4. Displays of Bivariate Data
1. Quantitative Bivariate Data
1. Scatter Plots
The scatterplots is a workhorse of the statistical analysis of quantitative
data.
Exhibit: Scatterplot - high school graduation
rate by income per capita (GRAD data) [m2024.jpg]
Exhibit: Scatterplot - high school graduation rate
by percent black (GRAD data) [m2025.jpg]
Sometimes people get carried away and produce elaborate scatterplots.
Exhibit: Birth and death rate by economic
development (aka the demographic transition) (Nielsen 1994, Figure 4 p.
663) [m2003.gif]
The Importance of Being Square
Research has shown that the most accurate perception of the existence and
strength of a relationship corresponds to trend lines with a slope at approximately
45o (Cleveland 1994:<>). Using a square frame for the
scatterplot optimizes perception by insuring that the slope (if an association
exists) is approximately 45o. This is why some statistical
programs such as SYSTAT produce square plots as the default. Other
programs such as SAS have been notorious for producing scatterplots that
are far from square and can thus hide the existence a relationship.
2. Time Series Plots
Exhibit: Early time series plot by Playfair
(drawn 1785, from Tufte 1983 p. <>) [m2001.gif]

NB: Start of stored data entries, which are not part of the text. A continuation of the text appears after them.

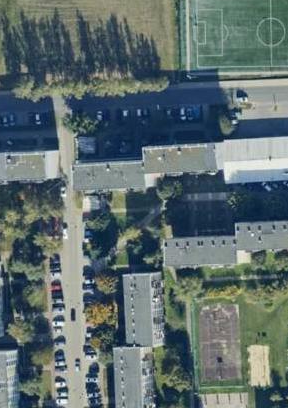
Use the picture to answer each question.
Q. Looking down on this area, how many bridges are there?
zero
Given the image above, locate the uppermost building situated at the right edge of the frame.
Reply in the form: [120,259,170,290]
[223,137,288,183]
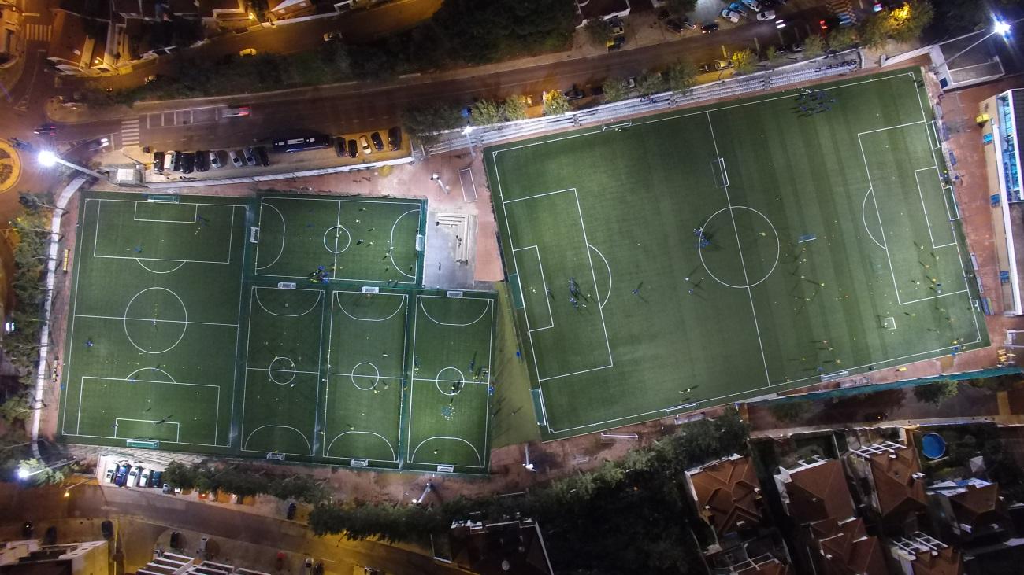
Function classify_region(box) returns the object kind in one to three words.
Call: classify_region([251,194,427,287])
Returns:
soccer field
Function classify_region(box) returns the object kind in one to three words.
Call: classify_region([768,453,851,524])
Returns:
house
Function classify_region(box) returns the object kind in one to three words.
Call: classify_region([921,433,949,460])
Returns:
swimming pool
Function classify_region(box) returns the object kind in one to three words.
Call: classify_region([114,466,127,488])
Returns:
vehicle
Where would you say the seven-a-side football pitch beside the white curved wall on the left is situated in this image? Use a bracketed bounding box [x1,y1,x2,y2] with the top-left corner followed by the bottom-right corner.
[58,190,254,458]
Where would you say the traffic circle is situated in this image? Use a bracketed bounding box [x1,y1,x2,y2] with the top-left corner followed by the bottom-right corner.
[0,139,21,192]
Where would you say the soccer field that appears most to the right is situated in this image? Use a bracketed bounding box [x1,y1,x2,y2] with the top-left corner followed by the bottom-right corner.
[484,66,991,444]
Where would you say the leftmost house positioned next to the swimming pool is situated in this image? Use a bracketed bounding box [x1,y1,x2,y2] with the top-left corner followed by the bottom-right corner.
[841,429,929,516]
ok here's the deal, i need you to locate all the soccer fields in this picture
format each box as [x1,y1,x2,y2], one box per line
[58,190,254,458]
[251,194,427,287]
[404,288,497,475]
[239,284,329,463]
[484,66,991,444]
[318,286,413,470]
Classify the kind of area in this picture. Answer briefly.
sports ground
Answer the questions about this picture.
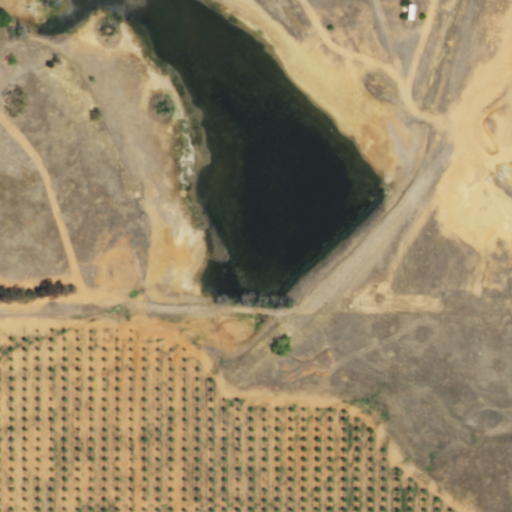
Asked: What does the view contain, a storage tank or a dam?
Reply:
dam
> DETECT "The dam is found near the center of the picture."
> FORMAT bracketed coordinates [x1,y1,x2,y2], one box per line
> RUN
[128,140,442,319]
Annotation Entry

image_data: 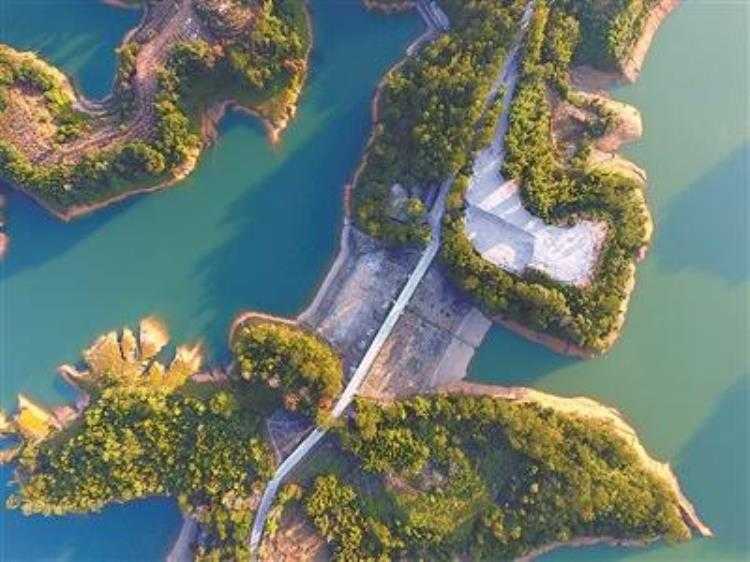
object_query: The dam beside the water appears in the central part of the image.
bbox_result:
[294,212,492,418]
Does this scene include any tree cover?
Yes
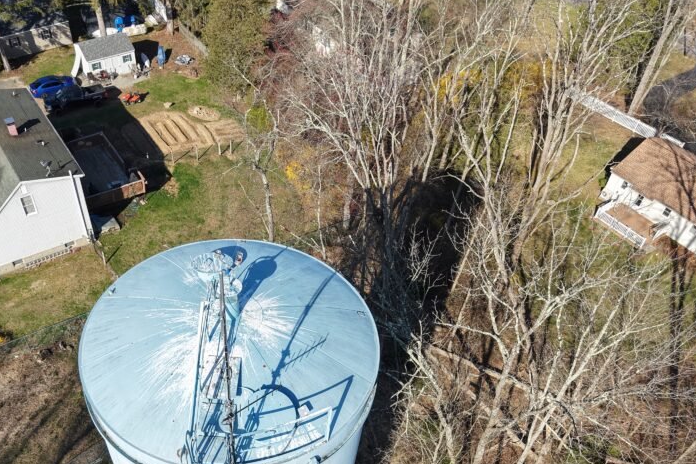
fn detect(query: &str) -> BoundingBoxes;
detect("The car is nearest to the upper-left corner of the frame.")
[28,74,77,99]
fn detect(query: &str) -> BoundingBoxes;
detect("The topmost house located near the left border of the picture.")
[0,0,74,56]
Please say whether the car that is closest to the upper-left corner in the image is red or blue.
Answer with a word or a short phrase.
blue
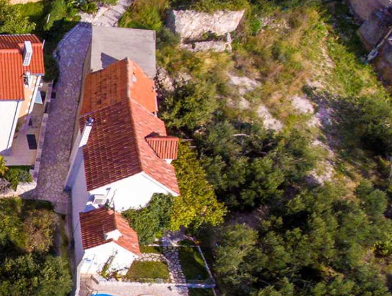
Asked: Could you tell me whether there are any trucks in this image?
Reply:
No
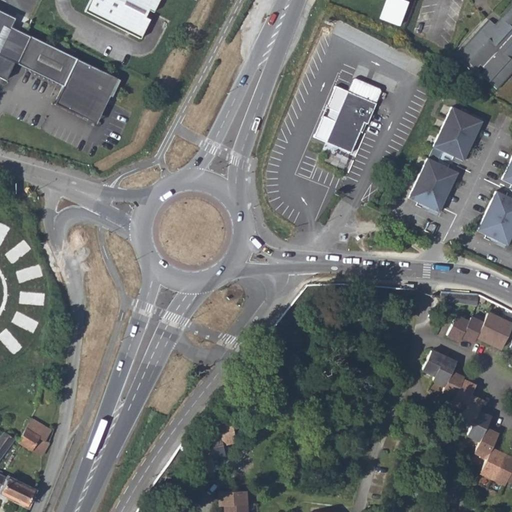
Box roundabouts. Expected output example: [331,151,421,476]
[131,170,254,293]
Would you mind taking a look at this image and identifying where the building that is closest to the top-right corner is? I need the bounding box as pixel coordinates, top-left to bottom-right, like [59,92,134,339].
[462,6,512,88]
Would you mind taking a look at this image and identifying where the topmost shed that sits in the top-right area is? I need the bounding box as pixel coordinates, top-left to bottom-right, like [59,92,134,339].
[378,0,410,28]
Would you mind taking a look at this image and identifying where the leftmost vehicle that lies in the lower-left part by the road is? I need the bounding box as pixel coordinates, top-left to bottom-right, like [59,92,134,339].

When the variable on the horizontal axis is time (or more generally when
there is only one data point for each value on the horizontal axis) a scatterplot
becomes a time series plot.
Exhibit: Divorce rate (divorces per 1,000
married
females) - U.S. 1920-2000 (divorce data) [m2026.jpg]
Cleveland (1994:<>) argues that perception of trends in the series is
optimized when
-
points are joined by a straight line
-
a symbol (such as a dot) is used for each data point
-
the aspect ratio of the frame is adjusted so that the average slope is
about 45o;
Exhibit: Divorce rate 1920-2000 with a
different aspect ratio [m2027.jpg]
In any case time series plots are not reserved for economists!
Exhibit: Decline of the average age of
menarche (Daly and Wilson 1983, Figure 12-7 p. 339) [m2004.gif]
3. Bivariate Frequency Distribution
A bivariate frequency distribution may be useful to reveal the relationship
between two variables when a data set is large. The bivariate frequency
distribution is constructed by dividing the range of each variable into
classes and counting the numbers of elements belonging simultaneously to
each combination of classes. This is called a cross-classification
or cross-tabulation. The cross-classified distribution
is called a bivariate frequency distribution.
A bivariate frequency distribution can be represented graphically as
a 3-dimensional (3-D) histogram viewed in perspective. Care must
be taken to order the categories and/or adjusting the point of view so
that tall columns in the foreground do not obscure shorter columns behind.
Exhibit: Bivariate frequency distribution
of graduation rate and percent whites - 3-D histogram (GRAD data) [m2030.jpg]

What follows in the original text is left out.